I read, a lot. At least one book a week, often more.
My list of non-fiction books I've read but need to review is currently 43 and of that list the Happiness Hypothesis: Finding Modern Truth in Ancient Wisdom is in my top five. Also, of that list, this is one of only three books I've read twice.
The author Jonathan Haidt takes a lifetime of philosophical pursuit into the meaning and maximization of life, combines it with decades of personal scientific inquiry into moral psychology, and uses as its base recent advances in positive psychology. To keep this review succinct, I'll be focusing on just three of its eleven chapters. I highly encourage you to get the book and check out all the other chapters yourself!
The Elephant & The Rider
The first step towards making significant change is acceptance. A common idea written about throughout positive psychology, cognitive science, social psychology, and behavioral economics is that the world is not as it seems – we as conscious, thinking humans are much less conscious than we believe.

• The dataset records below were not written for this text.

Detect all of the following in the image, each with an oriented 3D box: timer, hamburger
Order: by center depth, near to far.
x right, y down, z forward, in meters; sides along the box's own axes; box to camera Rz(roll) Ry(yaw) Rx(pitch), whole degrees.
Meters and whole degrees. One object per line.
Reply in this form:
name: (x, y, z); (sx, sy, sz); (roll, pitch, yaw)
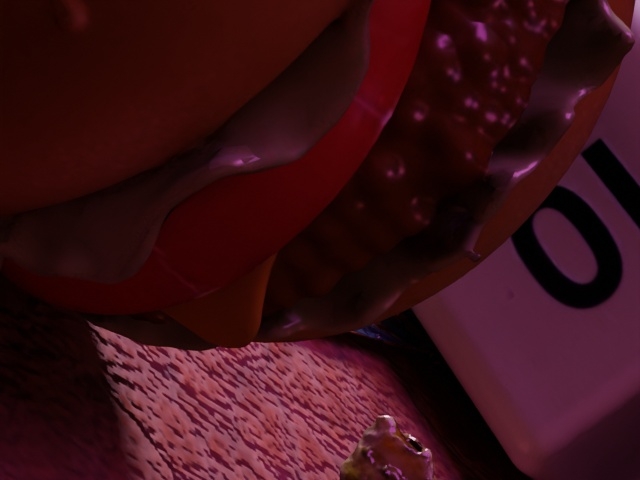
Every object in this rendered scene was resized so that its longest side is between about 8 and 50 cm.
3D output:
hamburger: (-0.050, -0.103, 0.466); (0.212, 0.274, 0.274); (28, 25, -55)
timer: (0.160, 0.014, 0.827); (0.195, 0.192, 0.194); (58, 10, 32)

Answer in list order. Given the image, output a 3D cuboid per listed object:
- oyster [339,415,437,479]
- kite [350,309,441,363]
oyster: (0.042, 0.143, 0.520); (0.166, 0.053, 0.108); (58, 28, 10)
kite: (0.000, 0.000, 0.805); (0.183, 0.014, 0.241); (42, 20, -21)
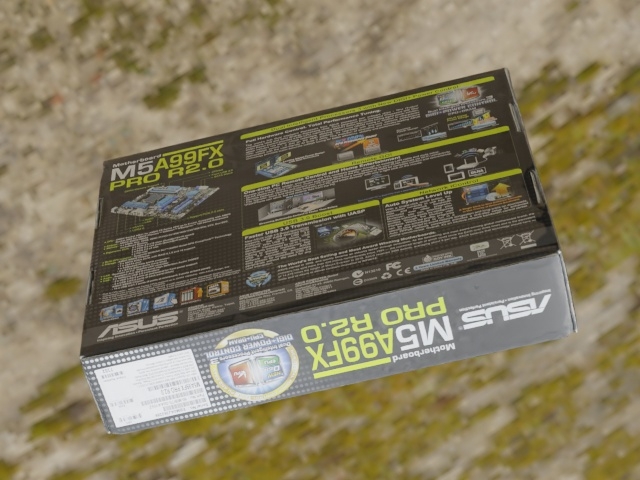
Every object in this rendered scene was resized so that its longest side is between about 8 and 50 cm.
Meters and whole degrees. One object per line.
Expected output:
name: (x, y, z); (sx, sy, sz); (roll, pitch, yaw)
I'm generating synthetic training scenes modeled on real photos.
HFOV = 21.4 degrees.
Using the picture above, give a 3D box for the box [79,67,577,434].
box: (0.000, 0.000, 0.999); (0.270, 0.216, 0.060); (-13, 122, 5)
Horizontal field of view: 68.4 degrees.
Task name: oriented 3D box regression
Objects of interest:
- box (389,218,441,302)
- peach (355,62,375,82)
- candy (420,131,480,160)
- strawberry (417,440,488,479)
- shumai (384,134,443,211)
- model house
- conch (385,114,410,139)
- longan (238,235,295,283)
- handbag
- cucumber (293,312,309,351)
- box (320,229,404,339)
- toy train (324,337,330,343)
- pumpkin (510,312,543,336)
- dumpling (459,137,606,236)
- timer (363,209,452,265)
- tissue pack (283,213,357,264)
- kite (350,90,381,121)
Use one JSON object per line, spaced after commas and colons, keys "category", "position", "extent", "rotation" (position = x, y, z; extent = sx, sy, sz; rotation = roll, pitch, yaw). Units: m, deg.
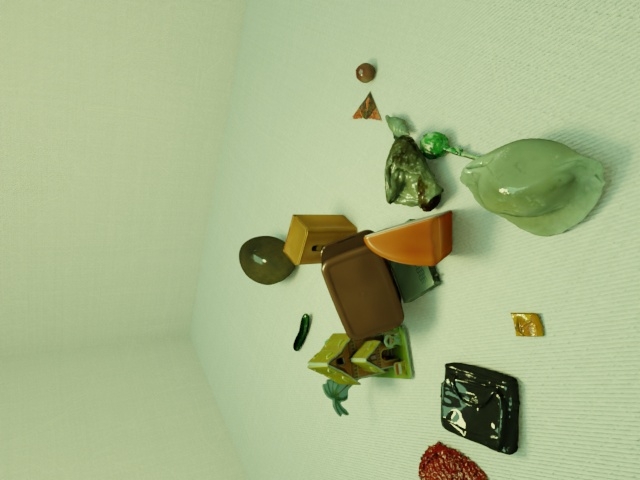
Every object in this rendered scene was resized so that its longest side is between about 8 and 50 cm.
{"category": "box", "position": [0.340, 0.077, 1.770], "extent": [0.211, 0.045, 0.271], "rotation": [-47, 52, 48]}
{"category": "peach", "position": [0.186, -0.700, 1.966], "extent": [0.083, 0.083, 0.083], "rotation": [3, 93, 58]}
{"category": "candy", "position": [0.465, -0.290, 1.554], "extent": [0.323, 0.097, 0.097], "rotation": [30, 116, 44]}
{"category": "strawberry", "position": [0.425, 0.800, 1.600], "extent": [0.286, 0.106, 0.189], "rotation": [-18, 77, 56]}
{"category": "shumai", "position": [0.346, -0.241, 1.678], "extent": [0.203, 0.222, 0.272], "rotation": [5, 87, 21]}
{"category": "model house", "position": [0.143, 0.522, 1.836], "extent": [0.300, 0.323, 0.341], "rotation": [-21, 73, 57]}
{"category": "conch", "position": [0.301, -0.433, 1.815], "extent": [0.065, 0.088, 0.180], "rotation": [-35, 41, 2]}
{"category": "longan", "position": [-0.290, 0.105, 2.569], "extent": [0.350, 0.288, 0.289], "rotation": [9, 98, 49]}
{"category": "handbag", "position": [0.499, 0.525, 1.502], "extent": [0.275, 0.088, 0.245], "rotation": [1, 88, 59]}
{"category": "cucumber", "position": [-0.099, 0.490, 2.472], "extent": [0.056, 0.056, 0.285], "rotation": [53, 138, 43]}
{"category": "box", "position": [0.154, 0.164, 1.733], "extent": [0.229, 0.239, 0.340], "rotation": [-77, -34, -78]}
{"category": "toy train", "position": [0.052, 0.514, 2.258], "extent": [0.045, 0.029, 0.092], "rotation": [-42, 59, 31]}
{"category": "pumpkin", "position": [0.597, 0.245, 1.379], "extent": [0.101, 0.035, 0.073], "rotation": [-21, 71, 58]}
{"category": "dumpling", "position": [0.548, -0.146, 1.287], "extent": [0.321, 0.211, 0.270], "rotation": [-127, 43, -58]}
{"category": "timer", "position": [0.300, -0.012, 1.582], "extent": [0.249, 0.257, 0.162], "rotation": [1, 99, 27]}
{"category": "tissue pack", "position": [0.000, 0.000, 2.093], "extent": [0.145, 0.274, 0.195], "rotation": [49, 131, 45]}
{"category": "kite", "position": [0.202, -0.573, 2.006], "extent": [0.222, 0.008, 0.125], "rotation": [27, 113, 55]}

We make New Year's resolution and are not surprised when we fail. When we decide to exercise, lose weight, spend more time at home we go. at it guns blazing for a few days and all to often fall back to our old ways. If we stop watching TV for a few days we may act different, but with no surprise, we bend back into our old habits.
The Happiness Hypothesis (Check it out!) gives this occurrence a name – the elephant & the rider.
“Modern theories about rational choice and information processing don’t adequately explain weakness of the will…. The image that I came up with for myself, as I marveled at my weakness, was that I was a rider on the back of an elephant. I’m holding the reins in my hands, and by pulling one way or the other I can tell the elephant to turn, to stop, or to go. I can direct things, but only when the elephant doesn't have desires of his own. When the elephant really wants to do something, I’m no match for him.”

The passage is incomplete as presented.